Sappiamo che potranno arrivare mesi difficili, ma non possiamo smarrire la rotta proprio ora. Inoltre, è ormai chiaro che, quando il governo italiano o l’Unione europea dichiarano di mettere a disposizione liquidità, in realtà si tratta di prestiti. Ma questi potranno essere restituiti soltanto se le imprese continueranno a lavorare e a incassare i propri crediti. Alcuni settori, come per esempio quelli del turismo o della ristorazione, difficilmente riusciranno a recuperare le perdite economiche. Altri, invece, come quello agroalimentare, hanno incrementato il business. Mio padre ci diceva sempre che occorrevano almeno cento anni per inventare un proverbio.

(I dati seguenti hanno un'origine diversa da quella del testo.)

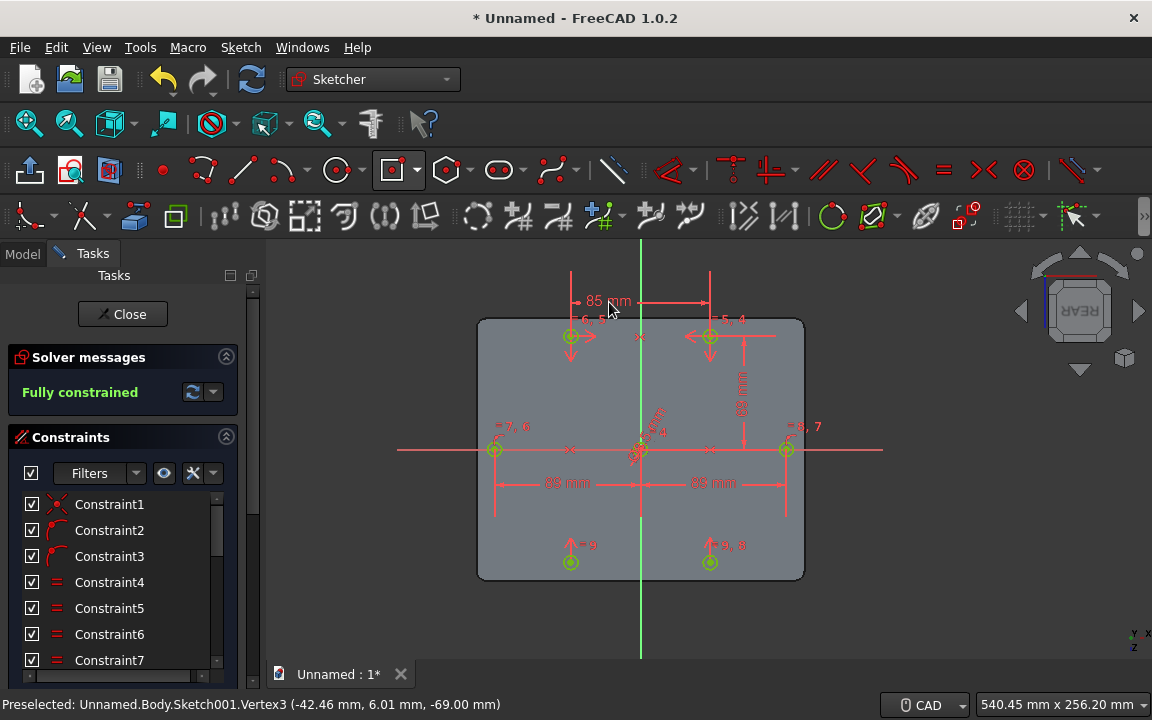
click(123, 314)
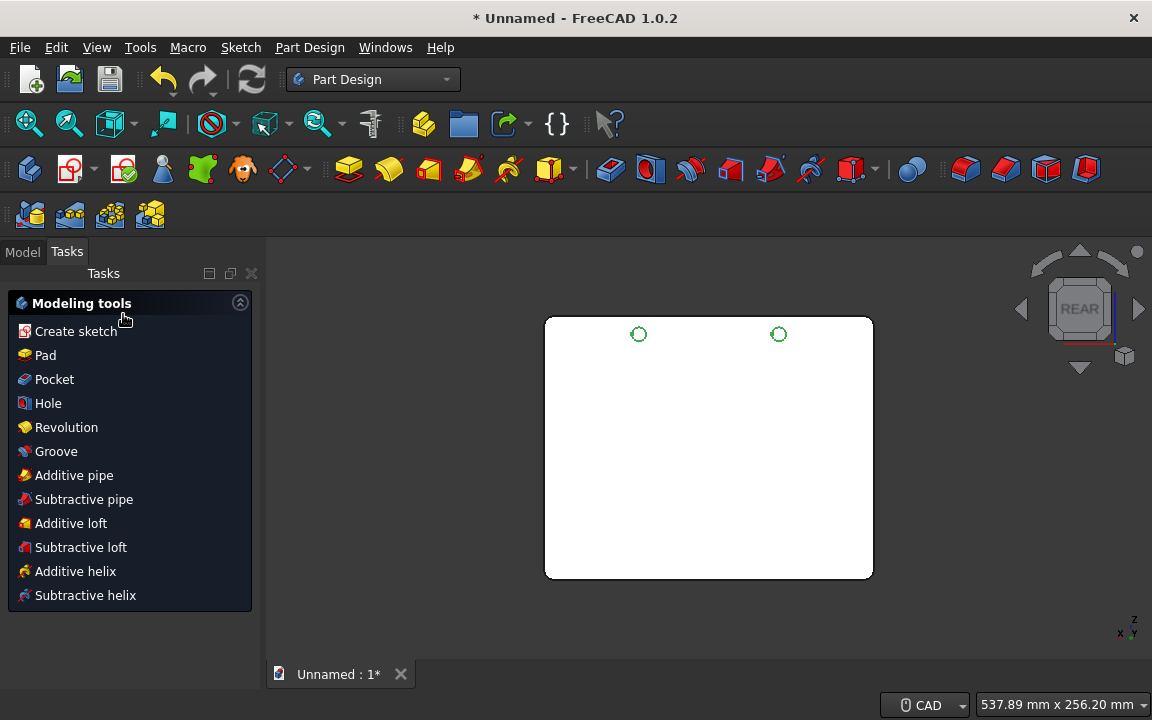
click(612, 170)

Nelle aziende agricole della mia infanzia ricorreva spesso questo: “Il male delle pecore è il bene del cane”, ovvero: quando la pecora muore, il cane mangia meglio del solito. Sta a noi cogliere quanto sta accadendo come un’opportunità, ma occorre procedere dall’equilibrio.

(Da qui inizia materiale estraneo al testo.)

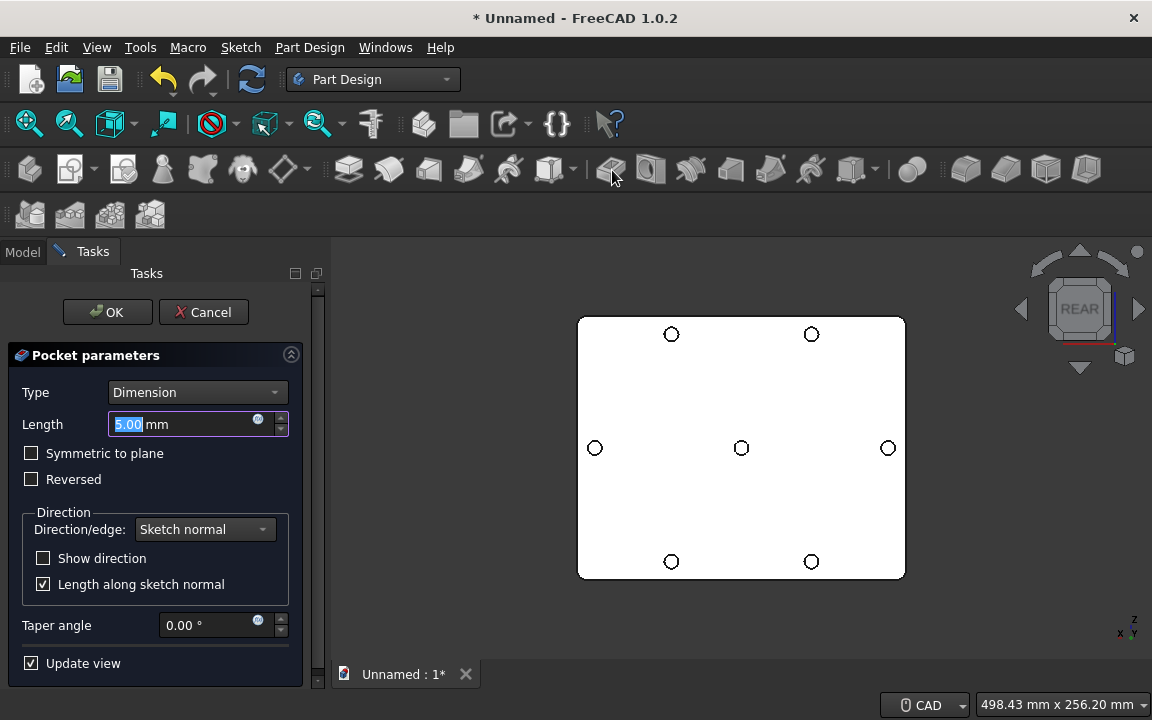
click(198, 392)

Cosa resta nella memoria dei giorni più intensi della diffusione del coronavirus? In una trasmissione televisiva è stata ripresa la scena di alcuni elicotteri e droni che segnalavano un subacqueo intento nella pesca, a circa duecento metri dalla riva, vicino a casa, poi scortato in caserma da due poliziotti. Mi è sembrato un modo davvero eccessivo di far rispettare la legge e ho pensato a quando, qualche anno fa, abbiamo consegnato alle forze dell’ordine i filmati, con riconoscimento facciale, di due delinquenti intenti nella commissione di un furto a pochi metri dai nostri uffici, poi ripetuto più volte nei pressi di altre aziende dell’area. I danni alla vettura del nostro collaboratore ammontavano a oltre 7.000 euro, a fronte dei 1.500 che percepisce dallo stipendio netto mensile. Non abbiamo saputo più nulla dei malfattori. Non sono queste la legge e la giustizia del paese in cui sogno di vivere.